Smartphone cameras are less likely to be damaged by a brief photo of the eclipse, NASA says, and Apple says the iPhone will be OK. But NASA warns that a direct glimpse of the sun while taking a smartphone photo could damage your eyes, if you don't have eclipse glasses. And experts say smartphone photos of the eclipse likely won't be very good.

Doctors around the U.S. launched campaigns this summer to warn people that they can damage their eyes staring directly at the sun, even the slimmest sliver of it. They advised people to get special eclipse glasses. The American Astronomical Society put out a list of 15 approved manufacturers.

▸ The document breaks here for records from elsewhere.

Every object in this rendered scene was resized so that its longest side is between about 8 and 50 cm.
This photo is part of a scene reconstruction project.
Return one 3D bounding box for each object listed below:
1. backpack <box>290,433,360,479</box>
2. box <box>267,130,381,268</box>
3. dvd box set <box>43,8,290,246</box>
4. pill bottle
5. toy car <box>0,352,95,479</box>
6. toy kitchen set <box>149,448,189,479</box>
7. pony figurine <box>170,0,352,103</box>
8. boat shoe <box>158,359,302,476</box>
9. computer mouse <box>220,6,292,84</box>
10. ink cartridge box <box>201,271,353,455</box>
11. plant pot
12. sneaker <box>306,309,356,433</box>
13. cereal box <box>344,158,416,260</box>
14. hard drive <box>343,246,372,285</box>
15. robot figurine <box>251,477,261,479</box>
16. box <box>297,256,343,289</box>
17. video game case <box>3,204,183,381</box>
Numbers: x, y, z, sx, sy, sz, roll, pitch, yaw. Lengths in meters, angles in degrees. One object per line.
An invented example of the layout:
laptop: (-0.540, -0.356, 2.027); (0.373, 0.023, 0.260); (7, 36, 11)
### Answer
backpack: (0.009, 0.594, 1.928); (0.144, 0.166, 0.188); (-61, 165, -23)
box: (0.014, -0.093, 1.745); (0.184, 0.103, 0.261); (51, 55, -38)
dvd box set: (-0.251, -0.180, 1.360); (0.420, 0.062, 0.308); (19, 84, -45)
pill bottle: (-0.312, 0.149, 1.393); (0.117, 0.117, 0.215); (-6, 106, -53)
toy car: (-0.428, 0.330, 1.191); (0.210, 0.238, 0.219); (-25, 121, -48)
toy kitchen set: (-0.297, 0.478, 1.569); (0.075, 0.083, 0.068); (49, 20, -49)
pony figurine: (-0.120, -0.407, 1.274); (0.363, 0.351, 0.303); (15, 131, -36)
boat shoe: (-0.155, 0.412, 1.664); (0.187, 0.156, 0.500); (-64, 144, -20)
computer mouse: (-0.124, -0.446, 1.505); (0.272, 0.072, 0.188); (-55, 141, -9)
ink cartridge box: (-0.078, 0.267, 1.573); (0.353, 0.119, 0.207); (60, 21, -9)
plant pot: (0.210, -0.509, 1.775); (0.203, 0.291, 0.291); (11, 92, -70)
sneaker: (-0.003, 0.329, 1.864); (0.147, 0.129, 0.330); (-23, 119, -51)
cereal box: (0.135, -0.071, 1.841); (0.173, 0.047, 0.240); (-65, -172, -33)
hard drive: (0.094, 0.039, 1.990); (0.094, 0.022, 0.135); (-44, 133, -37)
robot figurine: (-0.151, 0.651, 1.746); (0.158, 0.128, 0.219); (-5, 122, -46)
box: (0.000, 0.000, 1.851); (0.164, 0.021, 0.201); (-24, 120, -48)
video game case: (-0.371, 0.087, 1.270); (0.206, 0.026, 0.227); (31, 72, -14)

Complicating the rising demand from last-minute shoppers for eclipse glasses was a recent recall by Amazon that forced libraries and health centers around the country to recall glasses they gave away or sold.

One of the approved manufacturers selling the special glasses, American Paper Optics, has sold 45 million pairs over the last two years - 10 million since mid-July, said John Jerit, president of the Memphis-based company.

Among their customers was Vanderbilt University Medical Center, which had to recall 8,000 glasses purchased from an unidentified third-party vendor and given out at a county fair last weekend. The center was offering people the chance to exchange the faulty glasses for new, certified ones from American Paper Optics Friday through Monday.

The Associated Press contributed to this report.